Chris paseaba lánguidamente por la avenida Quai du Mont Blanc a la vez que miraba hacia la clara fachada del hotel de lujo situado al otro lado de la calle, donde Forster le había acomodado. Una vez más, el Conde logró sorprenderle.

– Disfrútelo -le había dicho lacónicamente Forster durante su despedida el sábado por la tarde cuando llegaron a Ginebra-. Corre todo de mi cuenta; por esta vez.

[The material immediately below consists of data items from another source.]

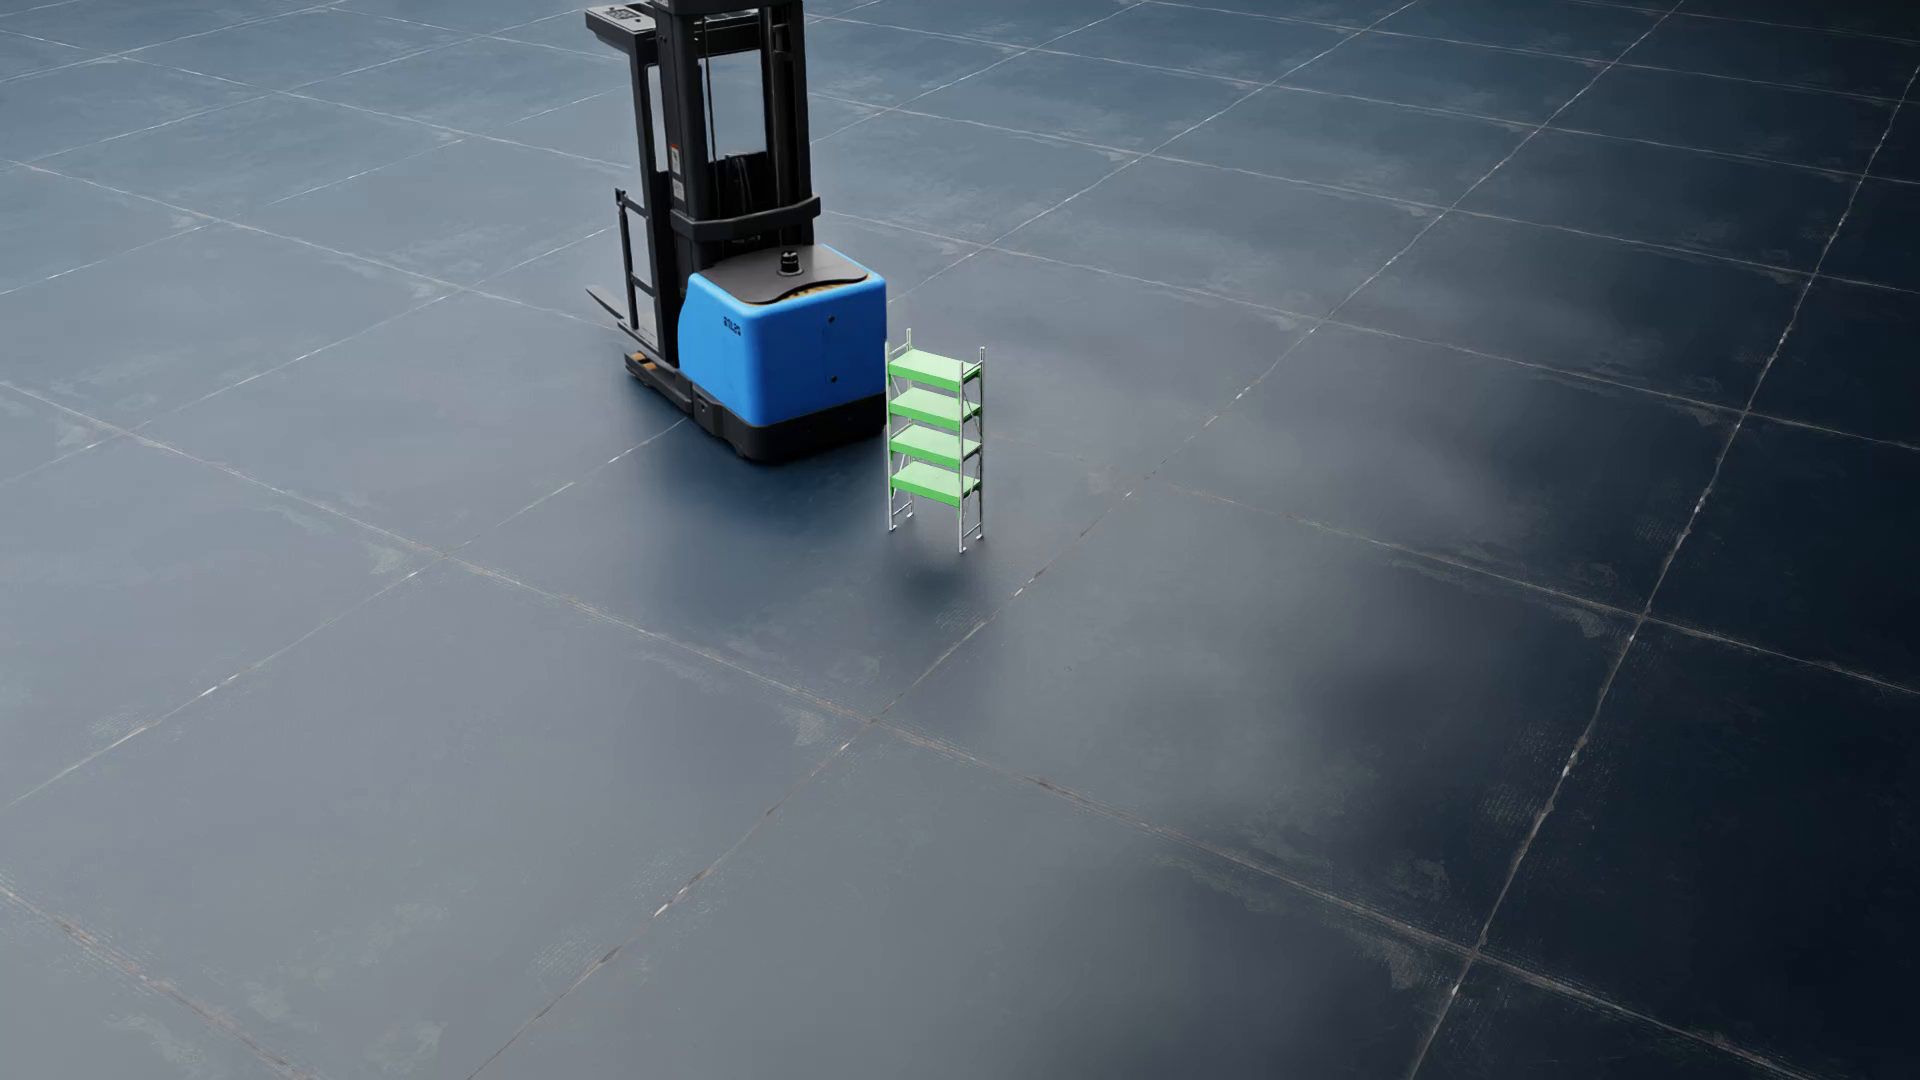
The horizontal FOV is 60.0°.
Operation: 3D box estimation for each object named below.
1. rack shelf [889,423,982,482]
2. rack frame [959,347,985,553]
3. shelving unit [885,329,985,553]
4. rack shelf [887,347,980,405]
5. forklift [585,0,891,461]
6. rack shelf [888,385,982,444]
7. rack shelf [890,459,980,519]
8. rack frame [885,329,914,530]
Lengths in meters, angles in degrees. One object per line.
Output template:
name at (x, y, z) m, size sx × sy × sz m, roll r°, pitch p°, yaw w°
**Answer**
rack shelf at (-0.140, -0.507, 9.556) m, size 0.480 × 0.148 × 0.258 m, roll 18°, pitch 35°, yaw 27°
rack frame at (0.066, -0.497, 9.412) m, size 0.015 × 1.200 × 0.240 m, roll 18°, pitch 35°, yaw 27°
shelving unit at (-0.140, -0.563, 9.524) m, size 0.503 × 1.200 × 0.258 m, roll 18°, pitch 35°, yaw 27°
rack shelf at (-0.140, -0.922, 9.314) m, size 0.480 × 0.148 × 0.258 m, roll 18°, pitch 35°, yaw 27°
forklift at (-1.701, -2.458, 11.055) m, size 1.130 × 2.935 × 3.031 m, roll -19°, pitch 35°, yaw -29°
rack shelf at (-0.140, -0.715, 9.435) m, size 0.480 × 0.148 × 0.258 m, roll 18°, pitch 35°, yaw 27°
rack shelf at (-0.140, -0.300, 9.677) m, size 0.480 × 0.148 × 0.258 m, roll 18°, pitch 35°, yaw 27°
rack frame at (-0.347, -0.628, 9.636) m, size 0.015 × 1.200 × 0.240 m, roll 18°, pitch 35°, yaw 27°

Forster le había reservado en el hotel la suite Junior Suite Lake View, que era tan grande como un pequeño apartamento y desde la cual podía ver el lago.

Forster y Ponti prosiguieron su camino en taxi hacia la villa del marchante de arte. Se encontraba en el barrio periférico de Ginebra, Collonge-Bellerive, en la ribera suroriental del lago, a unos diez kilómetros a las afueras del centro de la ciudad, formando parte a su vez de la sucesión de edificaciones majestuosas de los súper-ricos.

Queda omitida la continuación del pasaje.